■ Goal of the exercise: Each record below needs to be reproduced precisely, though not its pictures.

Saved data entries:

===

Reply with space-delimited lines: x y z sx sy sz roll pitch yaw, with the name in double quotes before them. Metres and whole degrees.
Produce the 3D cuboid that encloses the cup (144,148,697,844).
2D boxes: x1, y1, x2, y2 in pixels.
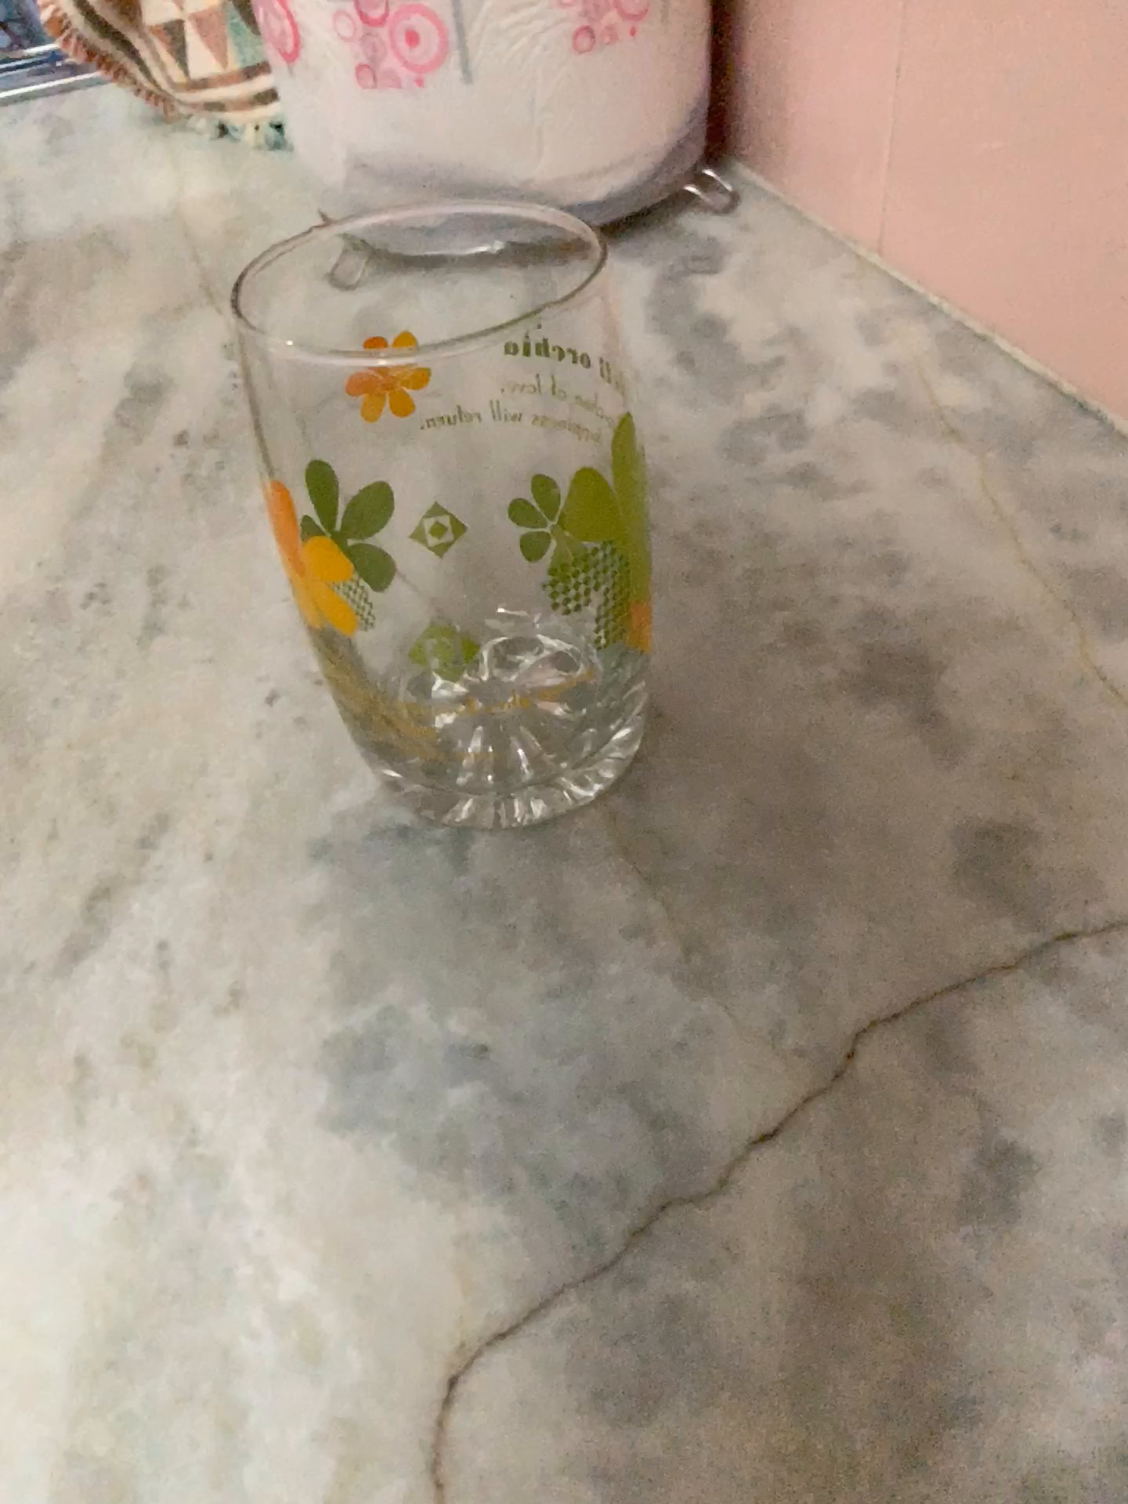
"cup" -0.014 -0.044 0.216 0.070 0.100 0.070 -4 43 4
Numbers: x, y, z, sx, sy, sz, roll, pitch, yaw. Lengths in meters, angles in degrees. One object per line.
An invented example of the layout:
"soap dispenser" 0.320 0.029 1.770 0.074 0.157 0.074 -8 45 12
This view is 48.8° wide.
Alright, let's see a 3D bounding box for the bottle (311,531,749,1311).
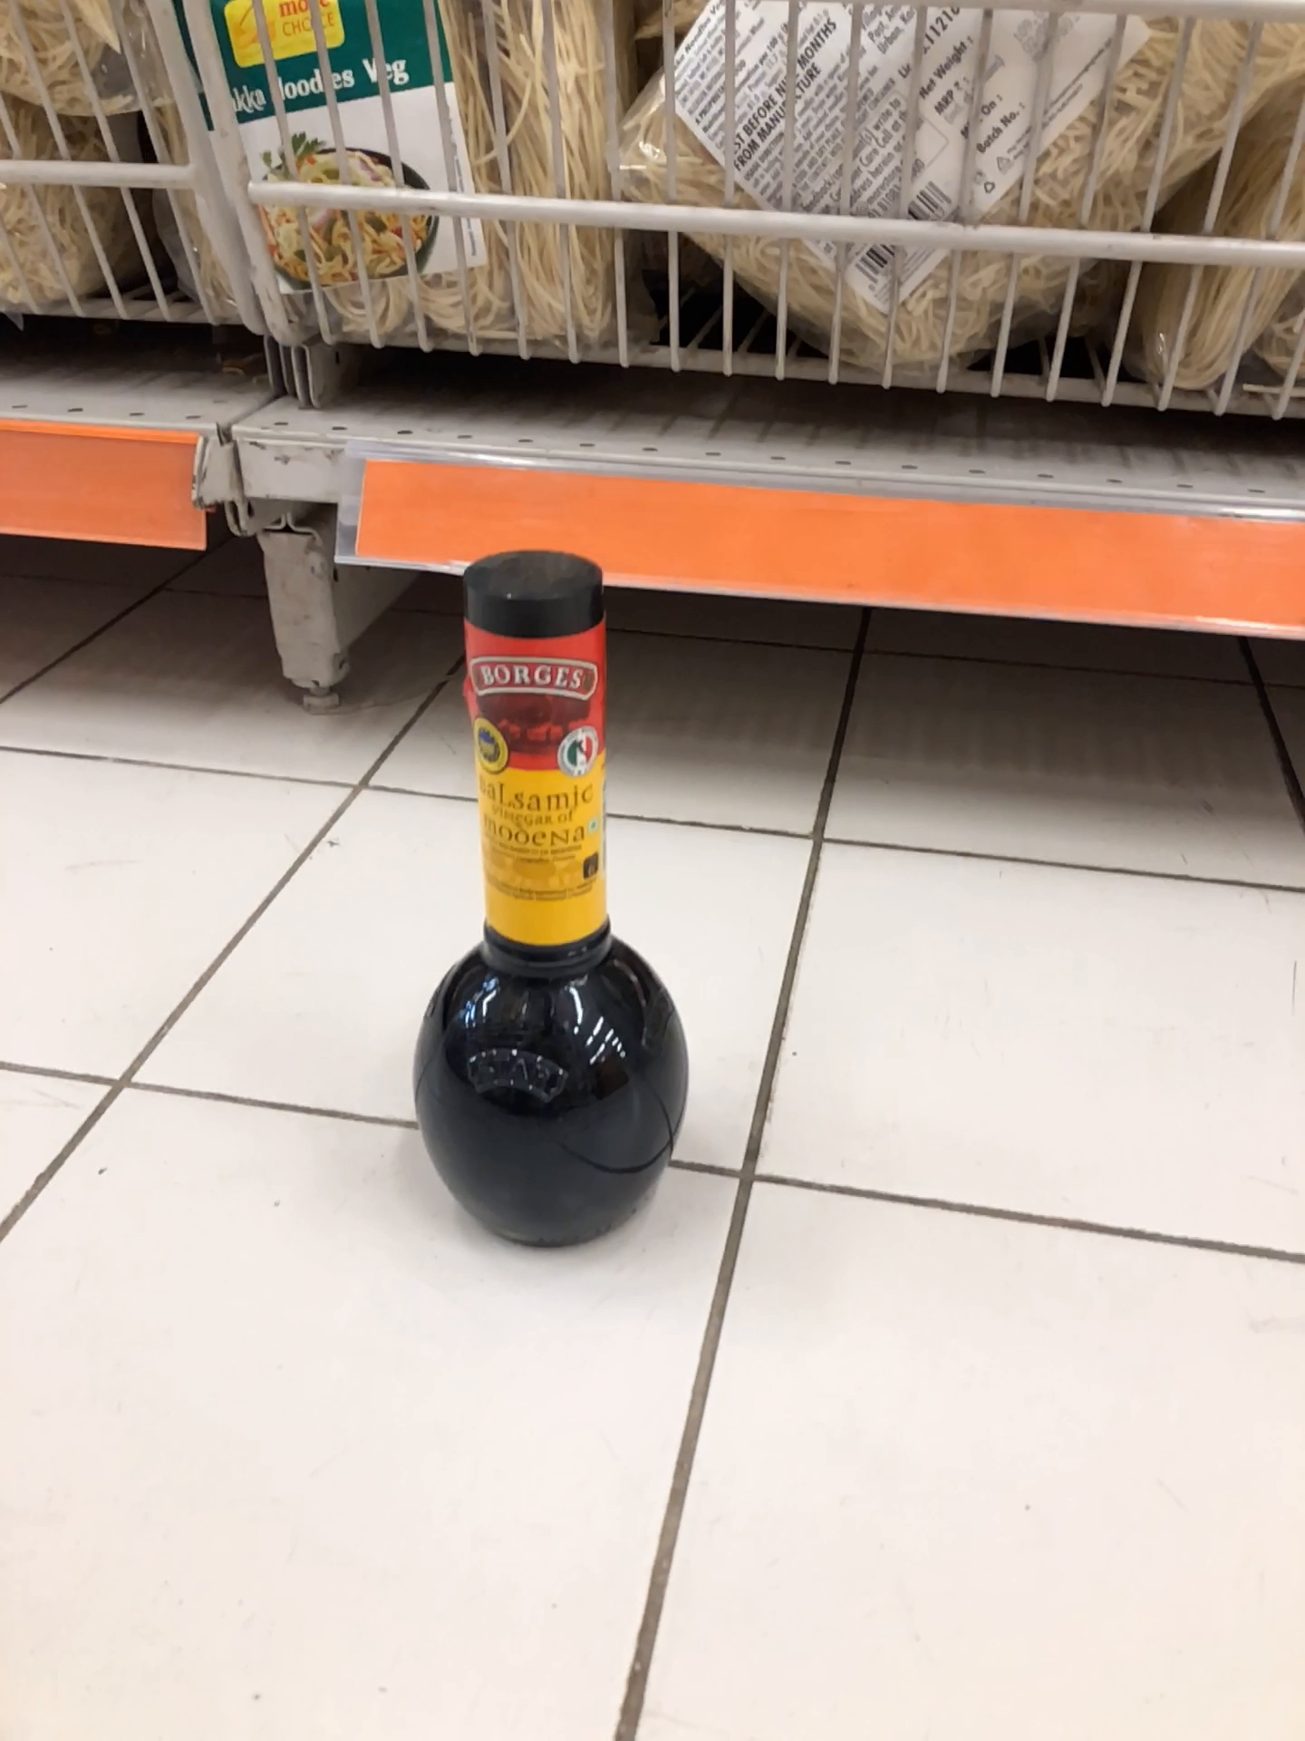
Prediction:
"bottle" -0.024 0.014 0.376 0.080 0.179 0.081 0 31 0
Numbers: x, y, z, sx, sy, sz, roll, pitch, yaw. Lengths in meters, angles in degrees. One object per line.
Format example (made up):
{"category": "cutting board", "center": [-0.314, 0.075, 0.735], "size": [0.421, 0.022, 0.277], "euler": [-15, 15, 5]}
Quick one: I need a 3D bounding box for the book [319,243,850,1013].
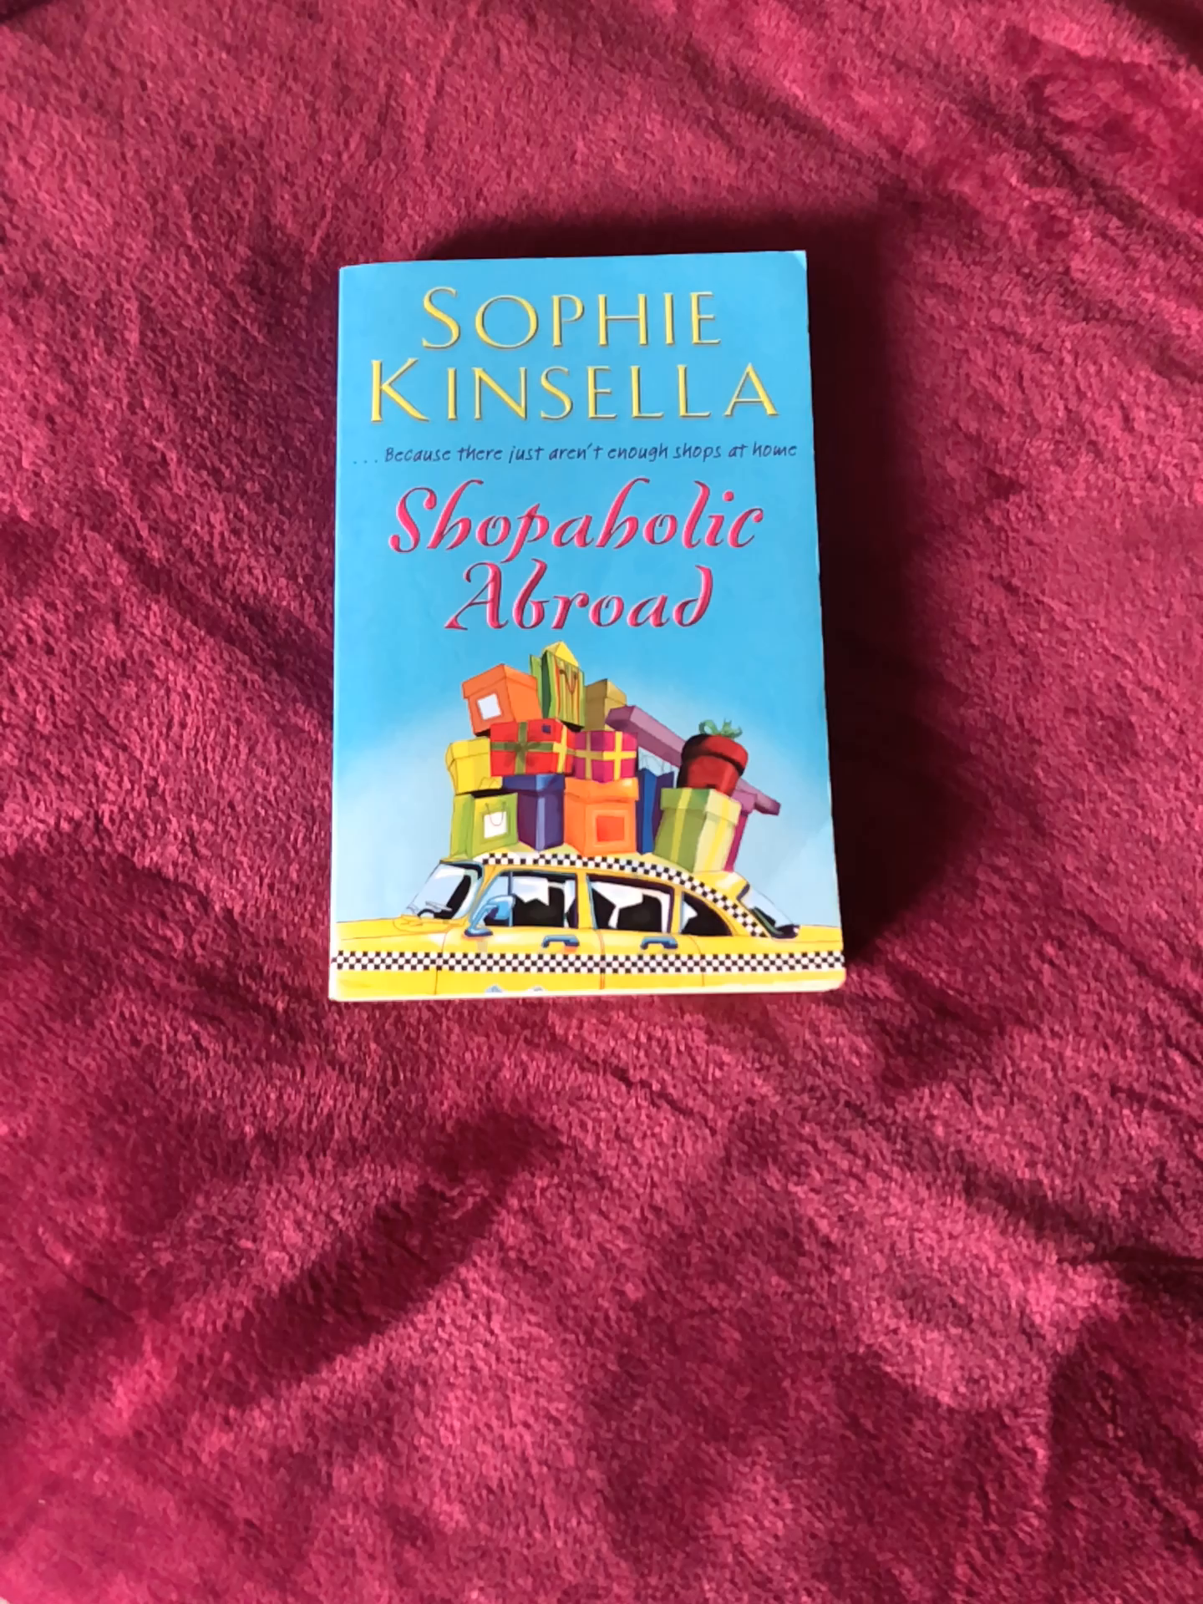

===

■ Result for this task:
Reply with space-delimited lines: x y z sx sy sz roll pitch yaw, with the name in double quotes before them. Metres and whole degrees.
Produce the 3D cuboid that encloses the cup (144,148,697,844).
2D boxes: x1, y1, x2, y2 in pixels.
"cup" -0.014 -0.044 0.216 0.070 0.100 0.070 -4 43 4
Numbers: x, y, z, sx, sy, sz, roll, pitch, yaw. Lengths in meters, angles in degrees. One object per line.
An invented example of the layout:
"soap dispenser" 0.320 0.029 1.770 0.074 0.157 0.074 -8 45 12
This view is 48.8° wide.
Alright, let's see a 3D bounding box for the bottle (311,531,749,1311).
Prediction:
"bottle" -0.024 0.014 0.376 0.080 0.179 0.081 0 31 0
Numbers: x, y, z, sx, sy, sz, roll, pitch, yaw. Lengths in meters, angles in degrees. One object per line.
Format example (made up):
{"category": "cutting board", "center": [-0.314, 0.075, 0.735], "size": [0.421, 0.022, 0.277], "euler": [-15, 15, 5]}
Quick one: I need a 3D bounding box for the book [319,243,850,1013].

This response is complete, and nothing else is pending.